NHS drone. Image from Apian.

The UK’s NHS (National Health Service) is trialing using drones to fly chemotherapy drugs to cancer patients. The trial is taking place between Portsmouth Hospital University NHS Trust and St Mary’s Hospital on the Isle of Wight. Currently it takes up to 4 hours to get chemotherapy drugs between the two hospitals. The drones will reduce that time to just 30 minutes.

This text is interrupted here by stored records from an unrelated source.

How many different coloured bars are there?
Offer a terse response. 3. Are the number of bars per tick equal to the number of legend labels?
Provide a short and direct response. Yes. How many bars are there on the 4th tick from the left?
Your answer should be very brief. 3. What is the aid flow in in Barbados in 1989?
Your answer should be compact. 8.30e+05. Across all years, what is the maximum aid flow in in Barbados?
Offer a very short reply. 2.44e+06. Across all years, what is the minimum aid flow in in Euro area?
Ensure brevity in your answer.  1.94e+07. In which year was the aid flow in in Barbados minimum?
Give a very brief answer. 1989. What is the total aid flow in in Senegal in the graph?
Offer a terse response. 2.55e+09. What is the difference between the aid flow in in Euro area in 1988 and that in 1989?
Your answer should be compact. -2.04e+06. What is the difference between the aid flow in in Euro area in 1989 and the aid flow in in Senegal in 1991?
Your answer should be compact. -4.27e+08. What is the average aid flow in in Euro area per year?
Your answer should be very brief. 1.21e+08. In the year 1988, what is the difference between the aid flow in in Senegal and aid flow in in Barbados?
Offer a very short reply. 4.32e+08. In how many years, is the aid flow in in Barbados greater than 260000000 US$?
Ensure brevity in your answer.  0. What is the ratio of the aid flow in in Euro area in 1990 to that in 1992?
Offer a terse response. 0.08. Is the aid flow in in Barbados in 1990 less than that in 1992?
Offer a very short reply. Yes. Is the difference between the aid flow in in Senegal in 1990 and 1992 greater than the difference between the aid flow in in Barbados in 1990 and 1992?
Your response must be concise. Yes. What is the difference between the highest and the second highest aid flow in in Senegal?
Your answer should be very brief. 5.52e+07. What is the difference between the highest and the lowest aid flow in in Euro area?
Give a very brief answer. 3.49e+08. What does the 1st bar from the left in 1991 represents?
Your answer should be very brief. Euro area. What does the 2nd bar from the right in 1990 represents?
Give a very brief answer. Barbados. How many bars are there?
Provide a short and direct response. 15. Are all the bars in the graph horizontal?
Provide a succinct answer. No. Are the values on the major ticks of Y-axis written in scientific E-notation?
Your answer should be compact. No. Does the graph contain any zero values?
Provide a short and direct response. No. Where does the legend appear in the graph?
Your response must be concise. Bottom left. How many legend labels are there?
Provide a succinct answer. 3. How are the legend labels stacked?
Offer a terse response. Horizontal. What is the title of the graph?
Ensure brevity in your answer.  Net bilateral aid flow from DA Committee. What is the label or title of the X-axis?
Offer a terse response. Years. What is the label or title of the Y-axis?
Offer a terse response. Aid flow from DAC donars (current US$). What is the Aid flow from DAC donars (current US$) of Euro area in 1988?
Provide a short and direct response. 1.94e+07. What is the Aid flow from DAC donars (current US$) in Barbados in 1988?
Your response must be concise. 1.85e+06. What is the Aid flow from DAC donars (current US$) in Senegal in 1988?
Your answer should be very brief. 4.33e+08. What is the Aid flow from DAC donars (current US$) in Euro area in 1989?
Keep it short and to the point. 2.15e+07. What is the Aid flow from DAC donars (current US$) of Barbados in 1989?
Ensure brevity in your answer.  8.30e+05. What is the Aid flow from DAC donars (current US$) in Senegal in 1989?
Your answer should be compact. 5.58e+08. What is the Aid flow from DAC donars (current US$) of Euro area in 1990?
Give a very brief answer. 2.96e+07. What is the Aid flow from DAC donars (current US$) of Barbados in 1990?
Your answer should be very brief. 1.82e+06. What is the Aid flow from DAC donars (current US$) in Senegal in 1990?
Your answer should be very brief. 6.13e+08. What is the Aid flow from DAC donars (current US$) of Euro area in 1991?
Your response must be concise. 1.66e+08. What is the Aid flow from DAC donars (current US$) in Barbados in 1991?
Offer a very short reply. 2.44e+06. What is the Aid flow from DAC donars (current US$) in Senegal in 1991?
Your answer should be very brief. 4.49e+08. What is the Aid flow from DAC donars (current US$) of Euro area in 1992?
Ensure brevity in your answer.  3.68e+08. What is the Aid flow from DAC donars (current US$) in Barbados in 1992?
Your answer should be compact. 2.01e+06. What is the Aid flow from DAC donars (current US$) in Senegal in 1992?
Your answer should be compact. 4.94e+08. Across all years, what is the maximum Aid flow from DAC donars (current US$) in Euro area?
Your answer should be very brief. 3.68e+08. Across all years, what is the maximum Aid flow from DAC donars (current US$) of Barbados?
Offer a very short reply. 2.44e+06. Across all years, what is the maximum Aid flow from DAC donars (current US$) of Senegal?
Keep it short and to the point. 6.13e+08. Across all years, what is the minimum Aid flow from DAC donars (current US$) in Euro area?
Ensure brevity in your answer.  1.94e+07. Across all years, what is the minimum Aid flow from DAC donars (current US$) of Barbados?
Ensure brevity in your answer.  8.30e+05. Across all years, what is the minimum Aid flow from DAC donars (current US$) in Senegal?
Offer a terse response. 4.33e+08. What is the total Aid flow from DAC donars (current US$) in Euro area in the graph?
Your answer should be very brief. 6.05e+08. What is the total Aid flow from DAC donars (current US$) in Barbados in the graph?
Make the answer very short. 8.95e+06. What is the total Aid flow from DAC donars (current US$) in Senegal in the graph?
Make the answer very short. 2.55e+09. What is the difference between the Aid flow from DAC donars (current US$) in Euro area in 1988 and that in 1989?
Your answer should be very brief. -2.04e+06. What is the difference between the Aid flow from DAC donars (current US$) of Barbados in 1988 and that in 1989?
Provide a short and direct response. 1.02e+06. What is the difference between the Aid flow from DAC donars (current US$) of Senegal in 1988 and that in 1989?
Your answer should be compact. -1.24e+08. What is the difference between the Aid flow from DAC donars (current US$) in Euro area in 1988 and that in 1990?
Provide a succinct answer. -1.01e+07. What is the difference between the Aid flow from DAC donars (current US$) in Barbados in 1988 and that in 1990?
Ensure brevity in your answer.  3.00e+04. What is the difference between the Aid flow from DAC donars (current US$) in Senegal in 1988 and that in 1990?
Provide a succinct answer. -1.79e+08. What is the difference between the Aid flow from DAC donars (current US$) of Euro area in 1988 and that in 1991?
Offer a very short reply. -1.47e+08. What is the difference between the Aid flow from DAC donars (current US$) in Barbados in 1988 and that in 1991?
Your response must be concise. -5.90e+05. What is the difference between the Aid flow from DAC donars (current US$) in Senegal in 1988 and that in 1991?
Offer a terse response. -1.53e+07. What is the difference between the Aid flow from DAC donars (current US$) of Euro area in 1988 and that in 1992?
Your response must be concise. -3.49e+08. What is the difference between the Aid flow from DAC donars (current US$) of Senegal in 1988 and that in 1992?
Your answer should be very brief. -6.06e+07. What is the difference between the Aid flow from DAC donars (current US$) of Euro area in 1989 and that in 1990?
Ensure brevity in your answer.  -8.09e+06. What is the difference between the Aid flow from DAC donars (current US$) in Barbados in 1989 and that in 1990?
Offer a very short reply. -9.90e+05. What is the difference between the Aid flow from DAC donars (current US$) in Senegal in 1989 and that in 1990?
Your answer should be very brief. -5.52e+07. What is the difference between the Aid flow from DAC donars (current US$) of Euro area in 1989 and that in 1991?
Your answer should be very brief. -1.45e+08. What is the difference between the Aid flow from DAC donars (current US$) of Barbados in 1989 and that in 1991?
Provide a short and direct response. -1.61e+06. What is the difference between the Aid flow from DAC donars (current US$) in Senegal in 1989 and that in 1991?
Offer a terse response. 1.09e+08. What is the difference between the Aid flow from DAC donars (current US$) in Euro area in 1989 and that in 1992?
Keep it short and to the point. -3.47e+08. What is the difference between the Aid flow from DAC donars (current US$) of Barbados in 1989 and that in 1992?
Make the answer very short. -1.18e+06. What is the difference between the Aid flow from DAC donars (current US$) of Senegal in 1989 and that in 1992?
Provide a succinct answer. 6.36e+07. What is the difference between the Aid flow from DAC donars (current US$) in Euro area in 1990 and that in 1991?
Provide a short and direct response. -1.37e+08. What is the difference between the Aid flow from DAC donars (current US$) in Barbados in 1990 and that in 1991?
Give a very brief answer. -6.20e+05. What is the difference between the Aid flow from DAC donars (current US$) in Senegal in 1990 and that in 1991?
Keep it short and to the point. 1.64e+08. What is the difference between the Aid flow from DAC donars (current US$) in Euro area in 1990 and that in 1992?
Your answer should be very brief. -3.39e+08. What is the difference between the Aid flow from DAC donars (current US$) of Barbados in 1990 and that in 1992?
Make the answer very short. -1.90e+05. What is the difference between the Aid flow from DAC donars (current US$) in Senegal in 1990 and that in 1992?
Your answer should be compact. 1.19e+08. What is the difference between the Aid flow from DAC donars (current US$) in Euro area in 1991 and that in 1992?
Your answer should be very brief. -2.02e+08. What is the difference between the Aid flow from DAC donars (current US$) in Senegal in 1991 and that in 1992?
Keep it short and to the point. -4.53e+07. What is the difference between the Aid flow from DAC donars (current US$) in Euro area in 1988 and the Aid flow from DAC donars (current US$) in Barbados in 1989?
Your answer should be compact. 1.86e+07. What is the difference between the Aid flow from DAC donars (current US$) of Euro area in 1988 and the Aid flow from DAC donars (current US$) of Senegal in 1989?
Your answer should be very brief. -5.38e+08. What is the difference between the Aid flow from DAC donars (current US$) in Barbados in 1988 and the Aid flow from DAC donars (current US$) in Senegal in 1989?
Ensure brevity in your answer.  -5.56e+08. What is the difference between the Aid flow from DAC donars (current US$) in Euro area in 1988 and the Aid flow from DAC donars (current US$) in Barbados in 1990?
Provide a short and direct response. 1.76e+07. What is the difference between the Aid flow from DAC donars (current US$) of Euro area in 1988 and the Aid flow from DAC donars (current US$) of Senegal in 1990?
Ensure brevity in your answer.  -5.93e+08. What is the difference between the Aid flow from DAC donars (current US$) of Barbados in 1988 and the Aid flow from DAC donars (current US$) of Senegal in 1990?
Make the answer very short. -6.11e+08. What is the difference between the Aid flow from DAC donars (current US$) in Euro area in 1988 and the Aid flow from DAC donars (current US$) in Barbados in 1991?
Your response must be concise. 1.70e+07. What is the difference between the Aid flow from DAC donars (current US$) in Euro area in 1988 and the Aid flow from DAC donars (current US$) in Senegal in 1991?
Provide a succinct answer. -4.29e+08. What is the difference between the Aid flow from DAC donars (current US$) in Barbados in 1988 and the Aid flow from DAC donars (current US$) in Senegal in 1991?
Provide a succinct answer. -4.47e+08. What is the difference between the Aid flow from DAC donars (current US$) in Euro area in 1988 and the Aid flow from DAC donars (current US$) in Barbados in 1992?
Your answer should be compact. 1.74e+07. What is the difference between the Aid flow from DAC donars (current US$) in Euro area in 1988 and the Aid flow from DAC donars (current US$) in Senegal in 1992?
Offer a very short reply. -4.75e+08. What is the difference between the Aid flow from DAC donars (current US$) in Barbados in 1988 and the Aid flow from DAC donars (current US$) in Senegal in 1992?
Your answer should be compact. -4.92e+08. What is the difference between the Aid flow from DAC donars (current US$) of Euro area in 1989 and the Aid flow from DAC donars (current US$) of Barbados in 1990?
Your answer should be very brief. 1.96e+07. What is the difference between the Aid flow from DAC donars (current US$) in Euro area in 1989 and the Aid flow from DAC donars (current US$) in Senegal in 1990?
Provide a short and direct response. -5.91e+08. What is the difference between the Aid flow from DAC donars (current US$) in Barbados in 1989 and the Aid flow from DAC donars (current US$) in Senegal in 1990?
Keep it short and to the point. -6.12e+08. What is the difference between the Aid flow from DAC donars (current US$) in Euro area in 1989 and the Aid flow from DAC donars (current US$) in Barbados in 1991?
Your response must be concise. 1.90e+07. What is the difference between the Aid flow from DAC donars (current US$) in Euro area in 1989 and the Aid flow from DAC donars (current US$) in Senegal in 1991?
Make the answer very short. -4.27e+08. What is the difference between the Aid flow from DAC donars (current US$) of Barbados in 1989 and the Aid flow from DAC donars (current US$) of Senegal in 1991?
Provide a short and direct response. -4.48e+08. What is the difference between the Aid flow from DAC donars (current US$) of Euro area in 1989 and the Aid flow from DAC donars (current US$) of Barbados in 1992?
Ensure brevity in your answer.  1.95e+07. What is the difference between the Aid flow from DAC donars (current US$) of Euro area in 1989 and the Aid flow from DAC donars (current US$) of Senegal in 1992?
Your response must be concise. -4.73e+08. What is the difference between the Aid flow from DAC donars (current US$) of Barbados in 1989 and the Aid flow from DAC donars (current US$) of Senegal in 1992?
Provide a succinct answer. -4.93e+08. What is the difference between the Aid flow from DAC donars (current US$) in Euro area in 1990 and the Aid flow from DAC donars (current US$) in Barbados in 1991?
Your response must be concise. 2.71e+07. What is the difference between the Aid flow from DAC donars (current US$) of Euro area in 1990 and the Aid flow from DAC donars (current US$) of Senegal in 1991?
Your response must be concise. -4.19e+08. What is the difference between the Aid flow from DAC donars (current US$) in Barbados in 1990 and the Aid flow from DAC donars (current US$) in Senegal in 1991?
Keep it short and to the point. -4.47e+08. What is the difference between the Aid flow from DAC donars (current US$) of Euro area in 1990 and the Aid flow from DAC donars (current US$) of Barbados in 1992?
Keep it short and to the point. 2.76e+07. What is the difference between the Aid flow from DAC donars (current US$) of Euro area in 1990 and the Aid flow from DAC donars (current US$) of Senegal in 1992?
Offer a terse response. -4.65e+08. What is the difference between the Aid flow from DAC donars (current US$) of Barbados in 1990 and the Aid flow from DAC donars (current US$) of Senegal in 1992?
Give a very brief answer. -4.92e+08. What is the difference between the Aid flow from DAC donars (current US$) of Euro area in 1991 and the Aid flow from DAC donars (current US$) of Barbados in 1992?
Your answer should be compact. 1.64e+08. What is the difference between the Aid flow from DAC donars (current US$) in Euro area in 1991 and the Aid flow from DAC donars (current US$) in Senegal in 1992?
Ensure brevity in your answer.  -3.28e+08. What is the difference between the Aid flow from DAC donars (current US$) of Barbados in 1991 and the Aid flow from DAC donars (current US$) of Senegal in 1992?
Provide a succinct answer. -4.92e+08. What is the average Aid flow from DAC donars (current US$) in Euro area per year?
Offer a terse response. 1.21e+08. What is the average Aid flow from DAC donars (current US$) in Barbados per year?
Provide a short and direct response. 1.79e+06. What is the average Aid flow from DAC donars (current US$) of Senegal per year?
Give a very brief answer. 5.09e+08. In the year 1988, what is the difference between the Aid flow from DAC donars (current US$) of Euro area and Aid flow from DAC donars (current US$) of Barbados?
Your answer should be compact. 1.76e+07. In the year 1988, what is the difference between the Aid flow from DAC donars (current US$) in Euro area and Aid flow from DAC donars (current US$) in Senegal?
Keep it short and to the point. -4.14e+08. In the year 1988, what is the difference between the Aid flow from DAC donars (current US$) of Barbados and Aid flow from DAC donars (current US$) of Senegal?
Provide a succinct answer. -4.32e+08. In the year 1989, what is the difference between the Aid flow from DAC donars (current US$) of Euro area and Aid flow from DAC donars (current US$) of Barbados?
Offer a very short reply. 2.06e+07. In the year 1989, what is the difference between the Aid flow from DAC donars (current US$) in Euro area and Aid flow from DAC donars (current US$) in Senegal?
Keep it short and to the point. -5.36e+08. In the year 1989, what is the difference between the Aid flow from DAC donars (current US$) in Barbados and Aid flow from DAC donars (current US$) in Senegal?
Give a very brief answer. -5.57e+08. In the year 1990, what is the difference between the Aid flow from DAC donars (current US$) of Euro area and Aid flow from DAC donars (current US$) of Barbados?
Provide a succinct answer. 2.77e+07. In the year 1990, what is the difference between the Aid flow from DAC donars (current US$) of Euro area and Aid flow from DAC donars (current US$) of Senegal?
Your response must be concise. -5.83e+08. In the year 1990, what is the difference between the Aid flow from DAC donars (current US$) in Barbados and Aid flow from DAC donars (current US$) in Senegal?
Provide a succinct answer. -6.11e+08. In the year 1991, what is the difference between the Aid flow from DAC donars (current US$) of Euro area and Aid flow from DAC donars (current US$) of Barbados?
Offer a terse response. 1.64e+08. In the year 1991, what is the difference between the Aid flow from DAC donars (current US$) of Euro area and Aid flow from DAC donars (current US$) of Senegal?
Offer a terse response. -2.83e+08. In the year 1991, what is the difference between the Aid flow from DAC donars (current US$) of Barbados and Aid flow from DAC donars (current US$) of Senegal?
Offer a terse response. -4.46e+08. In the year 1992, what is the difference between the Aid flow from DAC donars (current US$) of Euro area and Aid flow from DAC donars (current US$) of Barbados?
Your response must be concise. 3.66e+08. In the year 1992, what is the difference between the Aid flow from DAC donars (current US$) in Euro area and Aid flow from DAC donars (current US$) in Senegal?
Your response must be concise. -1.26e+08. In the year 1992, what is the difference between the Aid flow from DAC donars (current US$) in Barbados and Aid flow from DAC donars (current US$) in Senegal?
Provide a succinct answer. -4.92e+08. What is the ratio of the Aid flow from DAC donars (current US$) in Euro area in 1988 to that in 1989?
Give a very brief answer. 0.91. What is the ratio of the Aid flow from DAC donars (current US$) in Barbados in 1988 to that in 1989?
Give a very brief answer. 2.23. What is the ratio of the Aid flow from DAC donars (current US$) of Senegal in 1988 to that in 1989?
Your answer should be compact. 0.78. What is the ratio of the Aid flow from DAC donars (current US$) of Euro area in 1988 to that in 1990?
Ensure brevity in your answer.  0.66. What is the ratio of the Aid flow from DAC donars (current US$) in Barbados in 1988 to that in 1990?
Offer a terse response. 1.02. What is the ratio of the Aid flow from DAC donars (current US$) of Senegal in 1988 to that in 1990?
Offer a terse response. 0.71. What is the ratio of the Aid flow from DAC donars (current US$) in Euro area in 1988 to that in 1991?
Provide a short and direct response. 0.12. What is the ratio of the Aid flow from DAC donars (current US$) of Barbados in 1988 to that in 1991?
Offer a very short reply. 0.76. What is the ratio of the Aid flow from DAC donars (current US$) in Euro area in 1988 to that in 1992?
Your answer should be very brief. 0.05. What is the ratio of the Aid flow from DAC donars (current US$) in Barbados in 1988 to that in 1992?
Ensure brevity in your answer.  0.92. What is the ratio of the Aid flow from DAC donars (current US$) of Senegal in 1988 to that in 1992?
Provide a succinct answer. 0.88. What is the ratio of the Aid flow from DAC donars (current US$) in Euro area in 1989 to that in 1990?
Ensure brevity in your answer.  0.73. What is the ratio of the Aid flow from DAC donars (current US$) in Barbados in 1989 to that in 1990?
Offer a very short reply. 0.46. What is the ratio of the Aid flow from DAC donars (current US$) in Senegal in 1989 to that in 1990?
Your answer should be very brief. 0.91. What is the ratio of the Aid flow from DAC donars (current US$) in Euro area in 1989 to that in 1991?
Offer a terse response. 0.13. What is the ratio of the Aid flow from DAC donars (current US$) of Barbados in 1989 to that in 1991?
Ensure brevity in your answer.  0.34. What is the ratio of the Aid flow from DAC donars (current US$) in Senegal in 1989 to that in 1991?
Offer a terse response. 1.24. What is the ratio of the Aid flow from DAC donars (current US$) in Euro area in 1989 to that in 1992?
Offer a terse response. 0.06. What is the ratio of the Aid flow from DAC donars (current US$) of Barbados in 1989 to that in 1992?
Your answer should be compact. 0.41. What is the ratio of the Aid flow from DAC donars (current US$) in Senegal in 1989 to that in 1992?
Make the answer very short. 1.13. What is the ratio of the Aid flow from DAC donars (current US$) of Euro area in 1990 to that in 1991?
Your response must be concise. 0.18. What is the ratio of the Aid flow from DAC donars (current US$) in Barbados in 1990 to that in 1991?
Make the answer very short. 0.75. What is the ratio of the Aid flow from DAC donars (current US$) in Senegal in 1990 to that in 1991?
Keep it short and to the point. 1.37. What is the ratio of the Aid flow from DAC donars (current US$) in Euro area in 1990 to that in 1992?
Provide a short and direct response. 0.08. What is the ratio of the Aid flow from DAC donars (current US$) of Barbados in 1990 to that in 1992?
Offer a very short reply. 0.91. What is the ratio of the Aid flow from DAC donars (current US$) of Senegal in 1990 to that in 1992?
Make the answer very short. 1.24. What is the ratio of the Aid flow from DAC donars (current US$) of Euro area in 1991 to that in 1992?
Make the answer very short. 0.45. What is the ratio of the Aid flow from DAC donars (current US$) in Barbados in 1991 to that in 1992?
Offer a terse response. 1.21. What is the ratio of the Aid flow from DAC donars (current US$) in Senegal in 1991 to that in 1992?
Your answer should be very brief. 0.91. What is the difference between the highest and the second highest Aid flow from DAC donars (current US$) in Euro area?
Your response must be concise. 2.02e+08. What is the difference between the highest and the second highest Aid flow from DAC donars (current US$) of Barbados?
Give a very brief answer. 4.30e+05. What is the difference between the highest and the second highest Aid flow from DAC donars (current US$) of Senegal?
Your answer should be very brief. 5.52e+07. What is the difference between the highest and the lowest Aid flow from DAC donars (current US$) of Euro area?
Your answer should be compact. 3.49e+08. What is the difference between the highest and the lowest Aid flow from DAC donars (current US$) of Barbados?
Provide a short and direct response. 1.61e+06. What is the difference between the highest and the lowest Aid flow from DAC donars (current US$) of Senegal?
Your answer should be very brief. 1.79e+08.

The Isle of Wight is a small British island off the coast of the UK. Due to its remote location it is difficult to transport cancer therapy drugs, as these drugs have a short shelf-life. Using drones will make it much easier for locals to access chemotherapy, many of whom currently travel to the mainland UK to access treatment.

“We are still at a relatively early stage but the use of drones to transport medical supplies is a concept that has radical and positive implications for both the NHS and for patients across the UK as well as the Isle of Wight,” said Isle of Wight NHS Trust CEO Darren Cattell.

Collection of NHS drones. Image from Apian.

The NHS teamed up with tech company, Apian to make the drones. Apian is a startup company that specialises in making medical drones, founded by a team of NHS doctors in training and ex-Googlers. The drones they are using to fly the chemotherapy medication can hold up to 20kg in weight, with each delivery replacing two car journeys and one hovercraft or ferry journey, saving both time and emissions. The drones have a max running time of 1.5 hours and can travel up to 100mph!

After the trial in The Isle of Wight, the drone program will be expanded to Northumbria.

Health and Social Care Secretary Sajid Javid said: “I want England to become a world leader in cancer care and using the latest technology to deliver chemo by drone means patients will have quicker, fairer access to treatment no matter where they live.